*About this exercise:*
Repeat exactly the line with "Answer in this" and each line after it to the end of the data below; pictures stay out.

*The data:*
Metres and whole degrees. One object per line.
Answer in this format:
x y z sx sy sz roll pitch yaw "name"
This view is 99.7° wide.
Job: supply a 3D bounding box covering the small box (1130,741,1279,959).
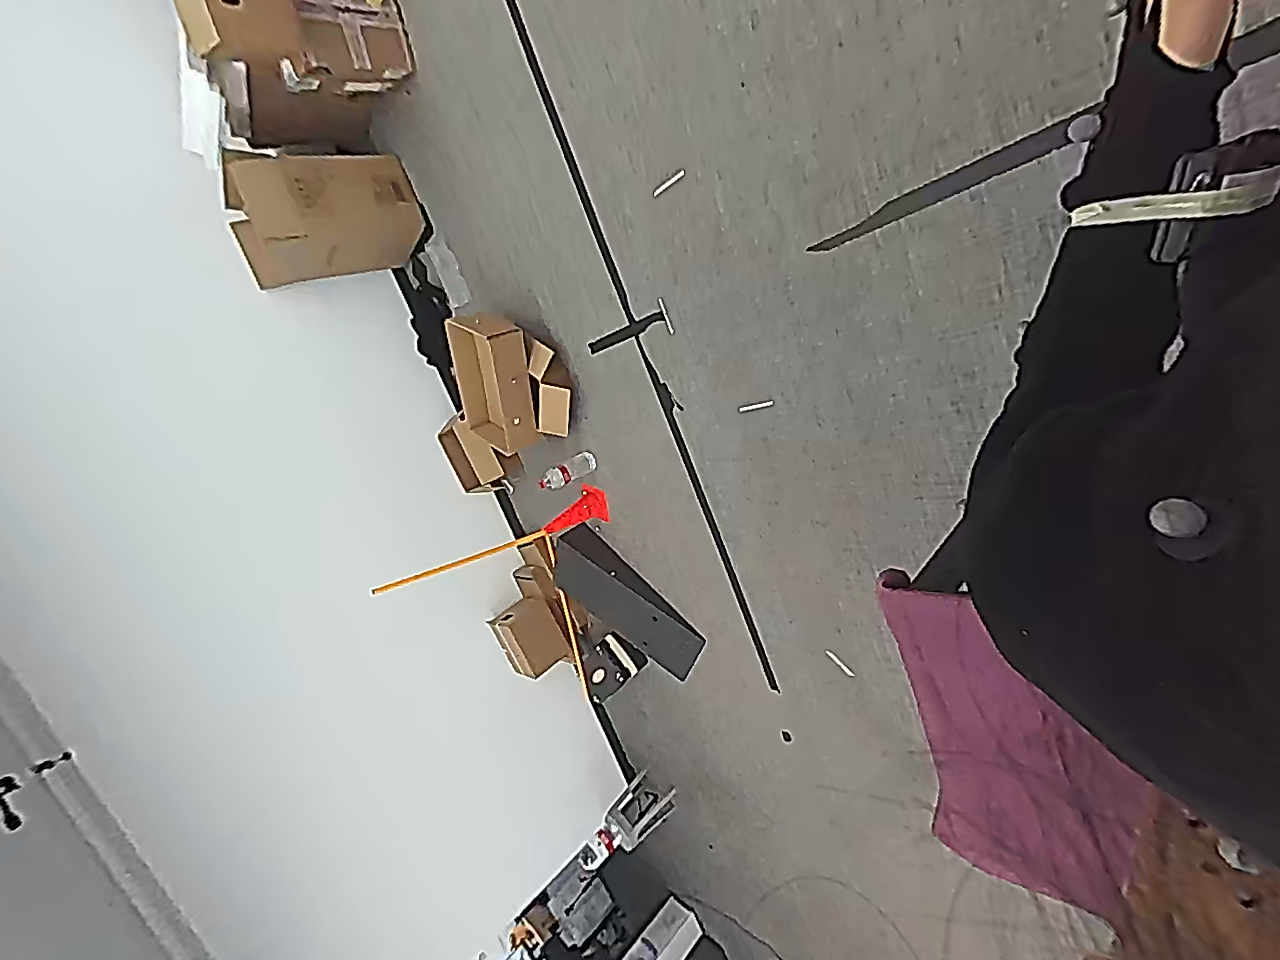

*Answer section:*
Answer in this format:
x y z sx sy sz roll pitch yaw "name"
This view is 99.7° wide.
Job: supply a 3D bounding box covering the small box (1130,741,1279,959).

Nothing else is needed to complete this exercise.